▸ **Goal of the exercise**: Take every line containing "whole" out of the records.

▸ **Data for this task**:

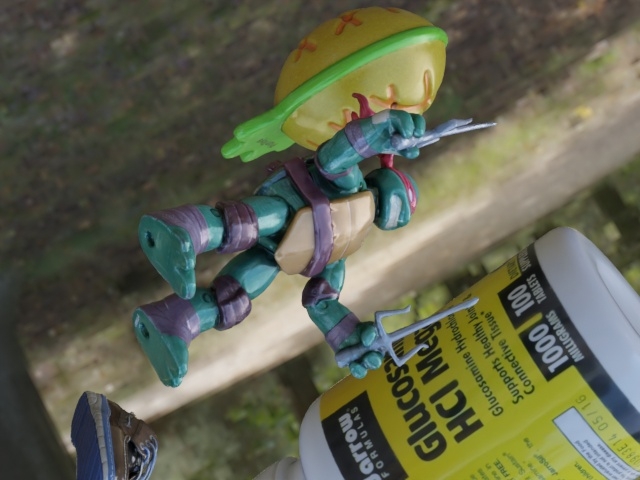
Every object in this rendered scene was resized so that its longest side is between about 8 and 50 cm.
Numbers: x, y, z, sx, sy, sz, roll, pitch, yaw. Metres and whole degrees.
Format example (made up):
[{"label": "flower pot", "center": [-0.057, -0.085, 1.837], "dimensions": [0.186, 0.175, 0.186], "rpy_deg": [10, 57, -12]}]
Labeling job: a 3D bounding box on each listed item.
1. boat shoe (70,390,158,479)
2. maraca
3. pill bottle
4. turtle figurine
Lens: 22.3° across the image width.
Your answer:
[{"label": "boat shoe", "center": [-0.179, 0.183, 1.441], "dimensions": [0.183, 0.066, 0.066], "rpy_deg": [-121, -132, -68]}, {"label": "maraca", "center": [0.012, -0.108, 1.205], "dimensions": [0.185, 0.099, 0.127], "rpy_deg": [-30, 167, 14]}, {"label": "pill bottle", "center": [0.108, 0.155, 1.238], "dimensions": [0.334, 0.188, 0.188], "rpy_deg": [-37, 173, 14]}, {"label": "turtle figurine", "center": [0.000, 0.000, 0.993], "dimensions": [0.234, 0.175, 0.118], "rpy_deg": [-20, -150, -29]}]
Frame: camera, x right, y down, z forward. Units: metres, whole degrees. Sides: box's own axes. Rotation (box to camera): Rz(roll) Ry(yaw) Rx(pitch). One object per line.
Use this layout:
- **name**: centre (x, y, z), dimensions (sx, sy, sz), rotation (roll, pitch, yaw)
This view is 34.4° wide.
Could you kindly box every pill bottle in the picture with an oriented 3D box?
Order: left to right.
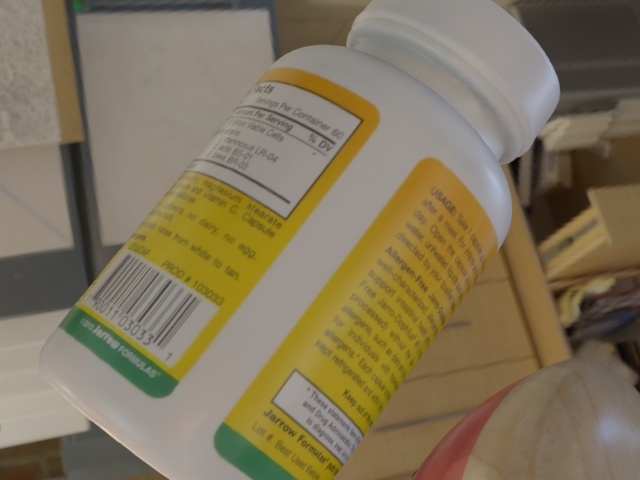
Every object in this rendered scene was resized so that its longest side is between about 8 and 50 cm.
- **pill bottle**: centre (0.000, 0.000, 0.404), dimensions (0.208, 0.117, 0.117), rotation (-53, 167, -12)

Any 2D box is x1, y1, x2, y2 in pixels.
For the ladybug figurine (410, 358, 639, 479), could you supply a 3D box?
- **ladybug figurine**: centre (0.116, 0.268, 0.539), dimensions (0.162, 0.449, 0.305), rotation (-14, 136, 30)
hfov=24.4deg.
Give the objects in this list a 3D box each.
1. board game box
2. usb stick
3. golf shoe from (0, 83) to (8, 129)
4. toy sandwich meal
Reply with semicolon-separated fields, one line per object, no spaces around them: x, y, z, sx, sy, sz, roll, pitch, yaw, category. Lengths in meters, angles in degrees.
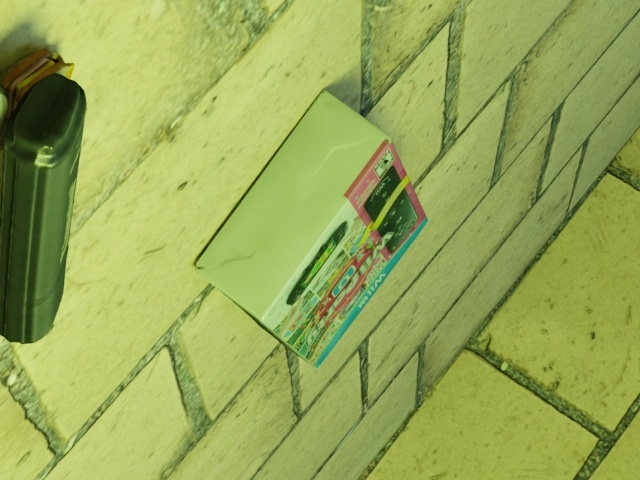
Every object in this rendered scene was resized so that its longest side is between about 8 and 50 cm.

▸ **Solution to this task**:
Numbers: x, y, z, sx, sy, sz, roll, pitch, yaw. Metres and whole degrees.
Frame: camera, x right, y down, z forward. Units: metres, whole degrees. Sides: box's own axes. Rotation (box to camera): Rz(roll) Ry(yaw) Rx(pitch). One object per line.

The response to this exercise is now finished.